We refer to this estimate as the two-stage model-based estimator (option 4 for type).
Instead of relying on correct specification of this model, we use the resulting score U = \beta_0^{T}S
as a univariate “pseudo-marker" to summarize the k
surrogates. In the second stage, to estimate \Delta_{S}(t,t_0)
, we apply a nonparametric approach with S
represented by the univariate marker U
. Specifically, we use a kernel Nelson-Aalen estimator to nonparametrically estimate \phi_A(t|u, t_0)=P(T^{(A)}> t\mid U^{(A)}=u, T^{(A)}> t_0) = \exp\{-\Lambda_A(t|u, t_0 )\}
as \hat \phi_A(t|u, t_0) = \exp\{-\hat{\Lambda}_A(t|u, t_0) \}
, where
\hat{\Lambda}_A(t|u, t_0) = \int_{t_0}^t \frac{\sum_{i=1}^{n_A} I(X_{Ai}>t_0) K_h\{\gamma(\hat{U}_{Ai}) - \gamma(u)\}dN_{Ai}(z)}{\sum_{i=1}^{n_A} I(X_{Ai}>t_0) K_h\{\gamma(\hat{U}_{Ai}) - \gamma(u)\} Y_{Ai}(z)},
\hat{U}_{Ai} = \hat{\beta} ^{T} S_{Ai}
, \hat{U}_{Bi} = \hat{\beta} ^{T} S_{Bi}
, Y_{Ai} = I(X_{Ai} \geq t)
, N_{Ai}(t) = I(X_{Ai} \leq t) \delta_{Ai}, K(\cdot)
is a smooth symmetric density function, K_h(x) = K(x/h)/h,
and \gamma(\cdot)
is a given monotone transformation function.
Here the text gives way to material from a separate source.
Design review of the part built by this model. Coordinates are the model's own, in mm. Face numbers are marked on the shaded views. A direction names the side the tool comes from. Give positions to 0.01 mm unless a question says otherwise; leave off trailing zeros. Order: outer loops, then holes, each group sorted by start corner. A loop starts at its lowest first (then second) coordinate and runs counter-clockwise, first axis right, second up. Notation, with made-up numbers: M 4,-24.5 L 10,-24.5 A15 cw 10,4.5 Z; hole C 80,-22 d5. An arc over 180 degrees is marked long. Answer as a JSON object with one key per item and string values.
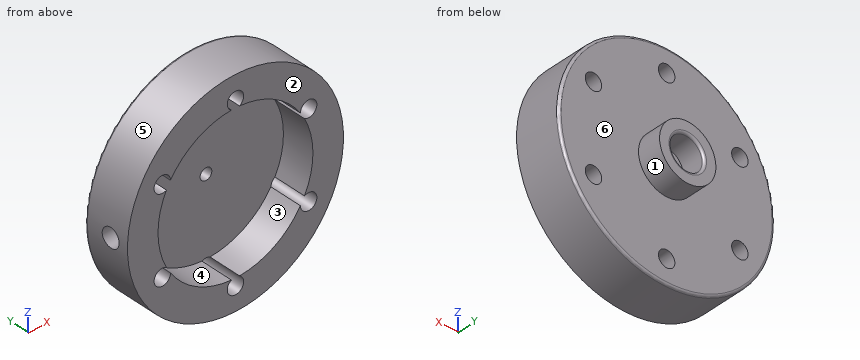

We then estimate \Delta_{S}(t,t_0)
as
\hat{\Delta}_{S}(t,t_0) = n_B^{-1} \sum_{i=1}^{n_B} [\hat{\phi}_A(t|\hat{U}_{Bi},t_0) \frac{I(X_{Bi} > t_0)}{\hat{W}^C_B(t_0)} - \frac{I(X_{Bi} > t)}{\hat{W}^C_B(t)}]
and \hat{R}_{S}(t,t_0) =1- \hat{\Delta}_{S}(t,t_0)/\hat{\Delta}(t).
We refer to this estimate as the two-stage robust estimator (option 1 for type).
The next estimator borrows ideas from the extensive causal inference literature focusing on double robust estimators two-stage weighted estimator with a propensity score weight explicitly balancing the two treatment groups with respect to the distribution of S
. The weighting enables us to “adjust" the distribution of S^{(A)}
before constructing the conditional survival estimate \hat \phi_A(t|u, t_0).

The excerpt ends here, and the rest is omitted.